This is a bit of a strange question, because Newton's laws do include internal forces.
However, Newton's third law happens to cancel out their overall effect on a center of mass. But, if you want to understand the motions of the constituent parts of the system, then you do have to understand their internal forces.
So let's assume that we have a collection of particles $\{i\}$ with masses $m_i$ and (vector) positions $x_i$ each feeling external forces $F_i$ and internal forces $V_{ij} = -V_{ji}.$
We usually describe the system using the overall mass $M = \sum_i m_i$ at the center-of-mass position $X = \sum_i \frac{m_i}M x_i.$ Newton's laws say that the EOM for the center-of-mass are (with dots as time-derivatives) $$M \ddot X = \sum_i m_i \ddot x_i = \sum_{i}\left(F_i + \sum_j V_{ij}\right) = \sum_i F_i = F.$$Here $F$ is the "effective force" on the center of mass. In the above we found out that the $V_{ij}$ term disappeared, why? In a little more detail the argument looks like this:
- We know $V_{ij} = -V_{ji}$, this is called “antisymmetry”.
- This means that $V_{ij}+V_{ji}=0$, and since we can add zero to anything without changing it, $$V_{ij} = V_{ij} + k (V_{ij}+V_{ji}) $$ for any k.
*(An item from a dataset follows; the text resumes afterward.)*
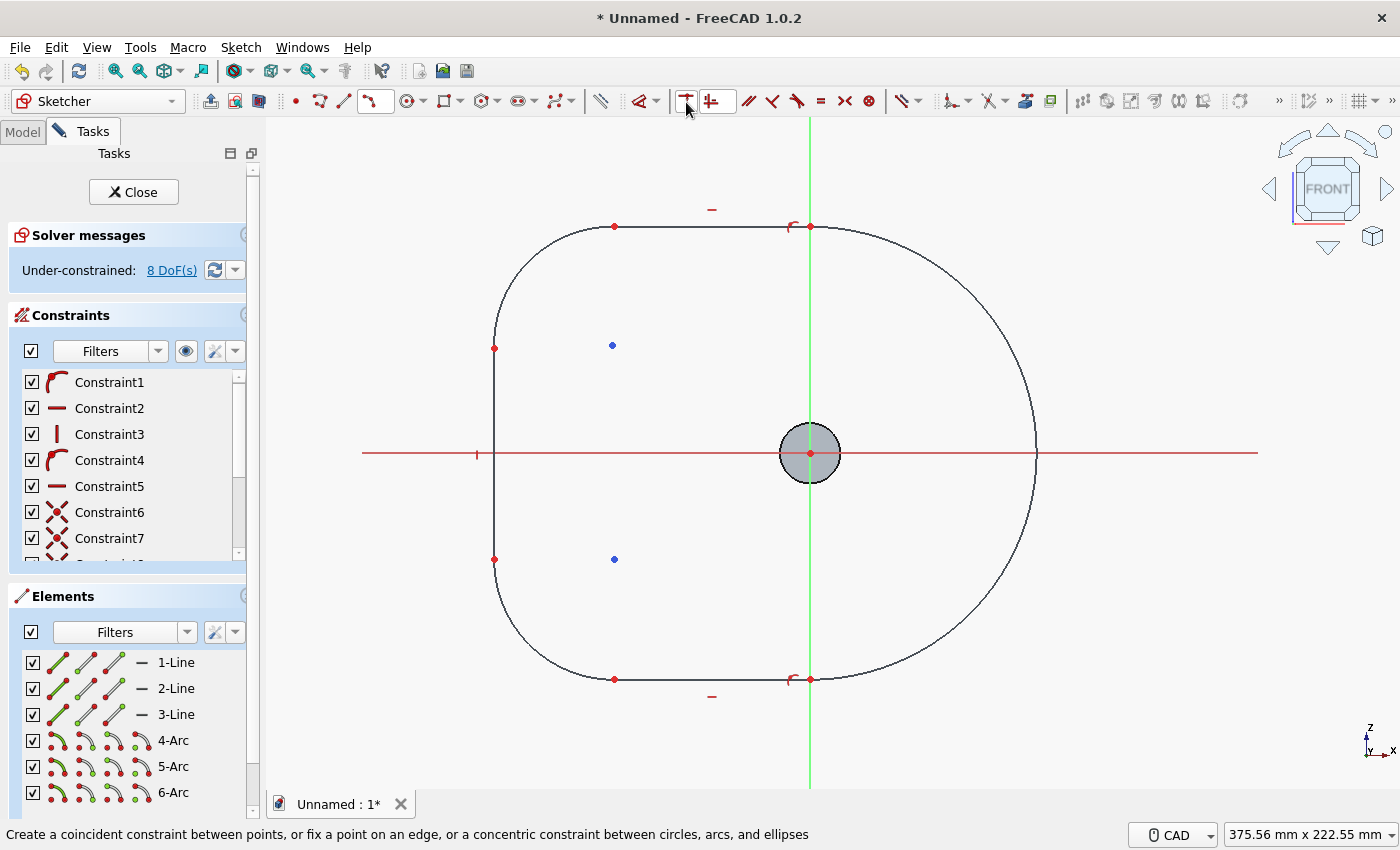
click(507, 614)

We choose the average between the equally terms, k = -½ so that $$V_{ij} = {V_{ij} - V_{ji}\over2}.$$
- Then when we calculate $\sum_{ij} V_{ij}$ we expand it out into these two terms, $\left(\sum_{ij} V_{ij} - \sum_{ji} V_{ji}\right)/2.$ In the second term we relabel $i \leftrightarrow j$ simultaneously and we find $\sum_{ij} (V_{ij} - V_{ij})/2 = \sum_{ij} 0 = 0$ directly.
In a paragraph or two I will call this the "antisymmetric cancellation trick."
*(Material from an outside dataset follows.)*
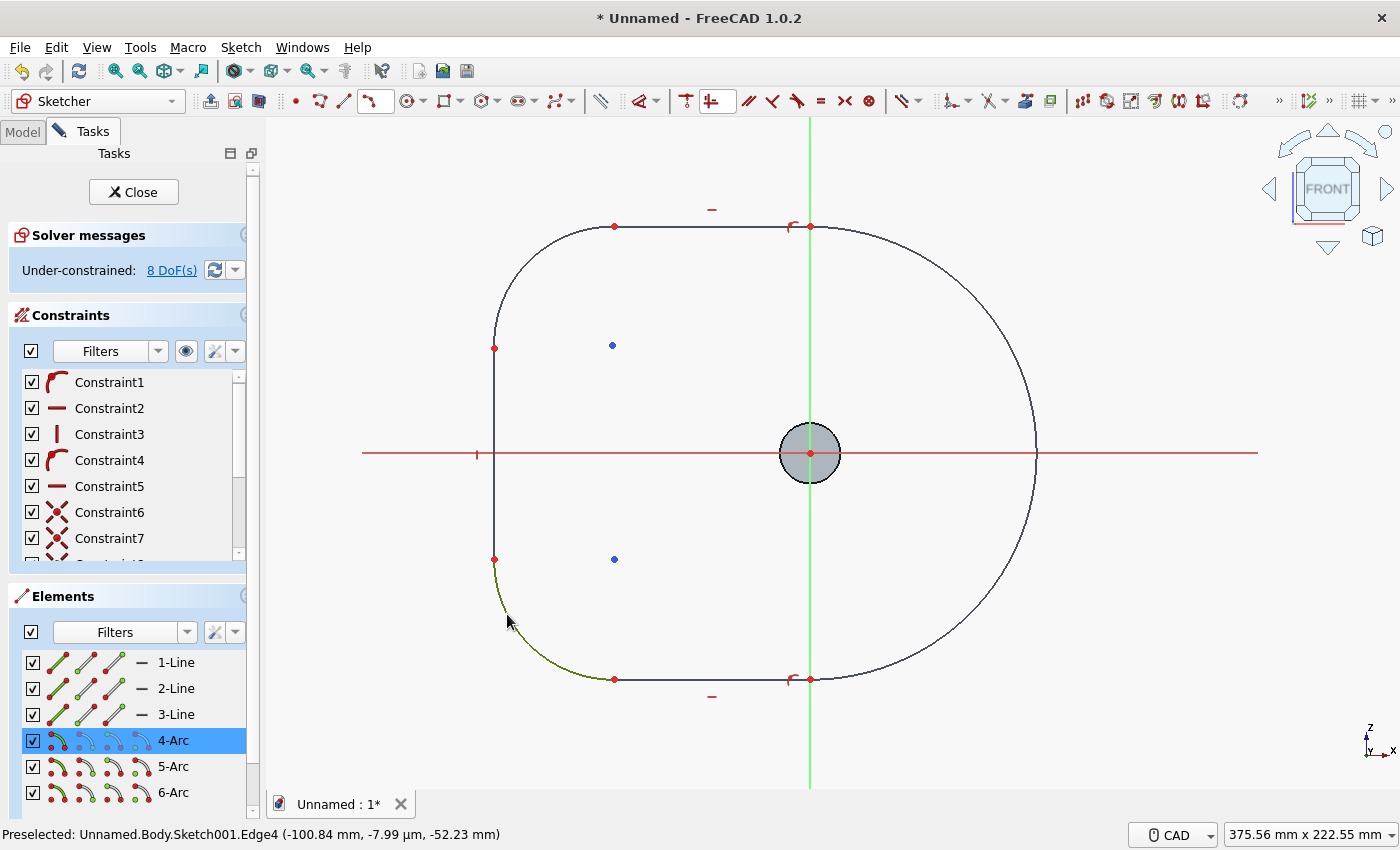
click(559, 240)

Similarly we can use the usual work-energy trick and multiply both sides by $\dot X,$ yielding$$
\begin{align}
M\ddot X\cdot \dot X &= F\cdot\dot X\\
\frac d{dt} \left( \frac 12 M \dot X ^2 \right) &= F \cdot \dot X = P,
\end{align}
$$ and then we can define $K=\frac 12 M \dot X ^2$ as "the kinetic energy of the center of mass" and $P$ as "the power of the effective force on the center of mass." Same work-energy trick as for a particle, but now applied to an aggregate of particles.
However there is a bunch of kinetic energy in the system which is not seen in this definition of $K$! The easiest way to think about this is to think of a gyroscope which is spinning but standing still: $K$ as we have defined it is zero, and all of that rotational kinetic energy is being ignored by this picture, because the center of mass isn't moving.
If we instead want the total kinetic energy, then we find that the power exerted on it is $$T = \sum_i\frac 12 m_i \dot x_i^2 = \sum_i \left( F_i \cdot \dot x_i+ \sum_j V_{ij}\cdot \dot x_i \right)$$The $V_{ij}$ terms here do not vanish via the antisymmetric cancellation trick! That is because when you do it, you get $\sum_{ij} V_{ij} \cdot(\dot x_i - \dot x_j) / 2$ after the relabeling, but there is no guarantee that $\dot x_i = \dot x_j.$